FIG. 1 shows a first embodiment of the present invention. In FIG. 1, the whole is denoted by reference numeral P to indicate a centrifugal pump according to the first embodiment, which is configured by rotatably housing an impeller 1 inside a stainless steel casing C. It is driven by a motor indicated by. The rotating shaft 10 of the pump P is connected to the output shaft MO of the motor via the pump-side coupling 12 and the motor-side coupling MF. The rotating shaft 10 is supported by a motor-side bearing 14 and an impeller-side bearing 16 .The motor-side bearing 14 and the impeller-side bearing 16 are connected to a bearing housing 18 (in FIG. Attached to the pump casing C.

Reference numeral 20 denotes a lip of the bearing housing 18 and has a role of supporting a flange that comes into contact with the bearing housing 18 and the casing.

In the bearing housing 18, the inner diameter of the portion where the motor-side bearing 14 is supported is indicated by reference numeral ø1, and the inner diameter of the portion where the impeller-side bearing 16 is supported is indicated by internal diameter ø2. . The inner diameter of the opening at the end of the lip 20 supporting the bearing housing 18 on the side of the impeller 1 is indicated by reference numeral 03.

Here, in the embodiment of FIG. 1, between the inner diameters ø1, Φ2, and Φ3,

0 3〉 0 2〉 0 1

Is established. Therefore, if the coupling 12 is separated and the rotating shaft 10 is pulled out in the direction of the arrow 1 in FIG. 1 together with the motor-side bearing 14 and the impeller-side bearing 16, the bearing can be removed together with the bearing. I can do it. As a result, disassembly work for maintenance, repair, and other tasks becomes easier. At the time of assembling, the rotating shaft 10 (along with the motor-side bearing 14 and the impeller-side bearing 16) may be inserted in the direction opposite to the arrow 1A, so that the assembling work is significantly reduced. is there.
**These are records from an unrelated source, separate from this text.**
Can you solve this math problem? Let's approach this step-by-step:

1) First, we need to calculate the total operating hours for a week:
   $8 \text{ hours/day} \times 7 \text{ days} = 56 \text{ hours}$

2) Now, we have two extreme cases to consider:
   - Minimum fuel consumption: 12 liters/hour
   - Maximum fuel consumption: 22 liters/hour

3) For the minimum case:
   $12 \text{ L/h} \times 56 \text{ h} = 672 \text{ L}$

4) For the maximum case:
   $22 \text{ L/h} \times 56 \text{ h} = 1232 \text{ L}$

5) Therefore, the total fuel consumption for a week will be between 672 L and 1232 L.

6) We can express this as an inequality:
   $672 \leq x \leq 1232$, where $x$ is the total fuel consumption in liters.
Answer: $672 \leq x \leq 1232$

2, 3, and 4 show a second embodiment of the present invention.

In FIG. 2, a rotary shaft 10 of the pump, which is indicated as a whole by reference numeral P, is connected to an output shaft MO of a driving motor, which is indicated by the reference numeral M, through a connection point 10-J. Here, the single unit of the rotary shaft 10 (including the connection point 10-J) of the pump P is shown in Figs.
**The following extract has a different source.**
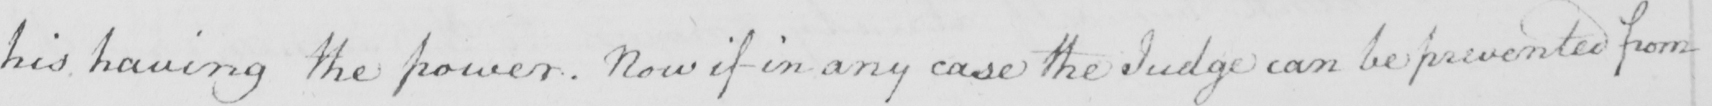Can you tell me what this handwritten text says? his having the power . Now if in any case the Judge can be prevented from

In FIGS. 3 and 4, the connection point 10 — J of the rotating shaft 10 is a bore 10 — I into which the motor output shaft M 0 (FIG. 2) is to be inserted, and a center line 10 — C Against one side (In Fig. 3, in the center line 10-C, the left side of the center line 10-C), and the notch for tightening the slit 10-S with the fastening screw 24 26 are formed. A keyway 10-K for keying the motor output shaft M0 (FIG. 2) is formed in the bore 10-I of the connection point 10-J.

When connecting the rotating shaft 10 and the motor output shaft M O, the motor output shaft M O is inserted into the inner cavity 10-I and fixed with the key 28. Then, the fastening screws 24 may be tightened.

Here, as shown in Fig. 5, when two slits S1 and S2 are formed at the connection point 10-J, if the fastening by the fastening screws bl and b2 is uneven, However, the same linearity between the motor output shaft MO and the rotary shaft 10 is not maintained, which causes problems such as interference between the rotation transmission system member of the pump P and the casing C. However, it is very difficult to equally fasten the screws b1 and b2 provided at the two locations.

Therefore, in the embodiment of FIG. 2 to FIG. 4, only a single slit 10—S is fastened, so that the interference between the rotation transmission system member of the pump P and the casing C is achieved. It prevents such inconveniences.

6 and 7 show a third embodiment of the present invention.

In FIG. 6, the output shaft of the motor (indicated by the symbol M O in FIGS. 1 and 2) is used as the rotary shaft 10 of the pump, which is entirely represented by the symbol P. In this embodiment, the liner ring 30 provided in the vicinity of the impeller 1 is supported by an inner casing C- 12, and the inner casing C- 12 is a portion indicated by reference numeral (7) in FIG. , Is joined to the casing body C-10.

The location indicated by reference numeral (7) is clearly shown in FIG. Reference numeral 30 in FIG. 7 denotes a portion indicated by reference numeral (7) in FIG. 6, that is, a connection portion between the casing body C-10 and the inner casing C-12.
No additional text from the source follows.